▽
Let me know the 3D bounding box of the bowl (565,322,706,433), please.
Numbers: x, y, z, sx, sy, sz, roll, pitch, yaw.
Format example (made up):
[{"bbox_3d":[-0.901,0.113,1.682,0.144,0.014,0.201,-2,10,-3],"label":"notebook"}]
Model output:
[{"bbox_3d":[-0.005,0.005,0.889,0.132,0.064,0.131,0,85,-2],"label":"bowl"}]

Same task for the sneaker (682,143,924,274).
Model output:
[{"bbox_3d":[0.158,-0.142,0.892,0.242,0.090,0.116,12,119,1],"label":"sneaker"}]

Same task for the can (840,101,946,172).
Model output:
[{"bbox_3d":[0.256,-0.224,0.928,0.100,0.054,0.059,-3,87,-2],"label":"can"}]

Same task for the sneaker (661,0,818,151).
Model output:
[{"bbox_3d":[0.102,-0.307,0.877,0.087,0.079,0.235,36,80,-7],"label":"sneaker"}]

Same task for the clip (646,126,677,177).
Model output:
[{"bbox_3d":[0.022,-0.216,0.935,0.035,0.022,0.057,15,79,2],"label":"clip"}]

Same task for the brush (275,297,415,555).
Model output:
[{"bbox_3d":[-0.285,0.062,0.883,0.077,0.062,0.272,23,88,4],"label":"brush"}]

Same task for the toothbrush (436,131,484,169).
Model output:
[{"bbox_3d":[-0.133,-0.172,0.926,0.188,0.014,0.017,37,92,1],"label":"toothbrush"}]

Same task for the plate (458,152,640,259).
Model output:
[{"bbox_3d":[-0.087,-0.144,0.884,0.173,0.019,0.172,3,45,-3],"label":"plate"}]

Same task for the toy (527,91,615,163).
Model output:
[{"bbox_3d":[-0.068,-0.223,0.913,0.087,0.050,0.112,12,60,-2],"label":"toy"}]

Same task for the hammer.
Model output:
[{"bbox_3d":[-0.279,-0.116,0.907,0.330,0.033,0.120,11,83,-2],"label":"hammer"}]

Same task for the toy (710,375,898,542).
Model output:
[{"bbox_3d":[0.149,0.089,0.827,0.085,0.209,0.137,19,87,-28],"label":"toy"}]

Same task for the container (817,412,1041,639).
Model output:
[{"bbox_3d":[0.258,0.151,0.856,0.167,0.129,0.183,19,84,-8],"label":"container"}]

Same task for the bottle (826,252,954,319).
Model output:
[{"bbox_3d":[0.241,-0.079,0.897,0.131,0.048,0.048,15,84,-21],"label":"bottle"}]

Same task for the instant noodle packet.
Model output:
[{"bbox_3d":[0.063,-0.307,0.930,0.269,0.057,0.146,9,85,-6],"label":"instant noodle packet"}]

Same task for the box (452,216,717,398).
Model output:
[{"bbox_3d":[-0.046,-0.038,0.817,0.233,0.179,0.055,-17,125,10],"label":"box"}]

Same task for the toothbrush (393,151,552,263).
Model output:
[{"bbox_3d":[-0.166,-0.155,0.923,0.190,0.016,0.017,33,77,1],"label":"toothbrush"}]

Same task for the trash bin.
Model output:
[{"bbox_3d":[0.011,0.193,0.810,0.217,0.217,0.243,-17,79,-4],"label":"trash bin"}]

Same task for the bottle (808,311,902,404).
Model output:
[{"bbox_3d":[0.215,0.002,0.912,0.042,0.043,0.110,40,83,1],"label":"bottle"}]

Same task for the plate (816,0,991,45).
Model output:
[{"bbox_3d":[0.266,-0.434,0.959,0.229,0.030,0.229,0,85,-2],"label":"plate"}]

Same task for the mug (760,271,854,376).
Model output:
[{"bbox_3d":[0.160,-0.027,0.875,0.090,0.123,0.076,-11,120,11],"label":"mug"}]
△
▽
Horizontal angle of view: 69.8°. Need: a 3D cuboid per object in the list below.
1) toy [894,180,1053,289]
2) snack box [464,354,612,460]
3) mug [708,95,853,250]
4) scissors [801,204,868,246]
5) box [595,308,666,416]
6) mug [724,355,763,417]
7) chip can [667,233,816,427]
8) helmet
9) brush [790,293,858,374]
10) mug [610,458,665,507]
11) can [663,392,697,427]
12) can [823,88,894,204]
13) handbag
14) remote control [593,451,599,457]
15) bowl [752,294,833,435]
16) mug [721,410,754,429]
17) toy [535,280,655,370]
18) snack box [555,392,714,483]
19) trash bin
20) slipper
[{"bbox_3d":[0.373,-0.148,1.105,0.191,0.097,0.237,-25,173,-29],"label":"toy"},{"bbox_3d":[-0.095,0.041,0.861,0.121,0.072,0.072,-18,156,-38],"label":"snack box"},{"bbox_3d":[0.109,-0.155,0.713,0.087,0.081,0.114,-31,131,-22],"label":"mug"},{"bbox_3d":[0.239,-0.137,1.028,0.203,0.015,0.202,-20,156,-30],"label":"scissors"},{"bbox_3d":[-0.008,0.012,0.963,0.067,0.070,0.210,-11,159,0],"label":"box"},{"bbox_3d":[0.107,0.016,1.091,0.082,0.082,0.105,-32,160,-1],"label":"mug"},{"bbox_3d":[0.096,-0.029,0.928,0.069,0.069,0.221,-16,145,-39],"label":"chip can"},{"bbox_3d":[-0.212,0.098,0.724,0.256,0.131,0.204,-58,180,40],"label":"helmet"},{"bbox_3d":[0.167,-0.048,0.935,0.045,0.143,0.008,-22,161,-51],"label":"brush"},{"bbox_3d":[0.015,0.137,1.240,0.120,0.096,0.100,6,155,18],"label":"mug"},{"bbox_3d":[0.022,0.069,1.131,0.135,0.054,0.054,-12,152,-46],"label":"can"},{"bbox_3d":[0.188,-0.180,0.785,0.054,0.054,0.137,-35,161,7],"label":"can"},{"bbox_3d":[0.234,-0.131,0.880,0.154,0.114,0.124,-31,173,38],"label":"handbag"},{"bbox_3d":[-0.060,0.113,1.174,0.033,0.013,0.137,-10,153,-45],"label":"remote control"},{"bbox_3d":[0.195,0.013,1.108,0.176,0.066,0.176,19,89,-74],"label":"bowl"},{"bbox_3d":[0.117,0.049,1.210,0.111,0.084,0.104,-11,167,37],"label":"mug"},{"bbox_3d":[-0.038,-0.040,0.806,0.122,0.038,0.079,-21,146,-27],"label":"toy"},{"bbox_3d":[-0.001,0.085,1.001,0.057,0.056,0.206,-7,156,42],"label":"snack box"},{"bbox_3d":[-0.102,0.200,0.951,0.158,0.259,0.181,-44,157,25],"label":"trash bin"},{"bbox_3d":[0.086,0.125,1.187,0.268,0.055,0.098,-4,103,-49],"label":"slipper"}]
△
▸ **EXERCISE**
Could you restate, word for word, the lines above from the one with "Same task for the sneaker (661,0,818,151)." to the one with "Same task for the brush (275,297,415,555).", both included?

▸ **YOUR SOLUTION**
Same task for the sneaker (661,0,818,151).
Model output:
[{"bbox_3d":[0.102,-0.307,0.877,0.087,0.079,0.235,36,80,-7],"label":"sneaker"}]

Same task for the clip (646,126,677,177).
Model output:
[{"bbox_3d":[0.022,-0.216,0.935,0.035,0.022,0.057,15,79,2],"label":"clip"}]

Same task for the brush (275,297,415,555).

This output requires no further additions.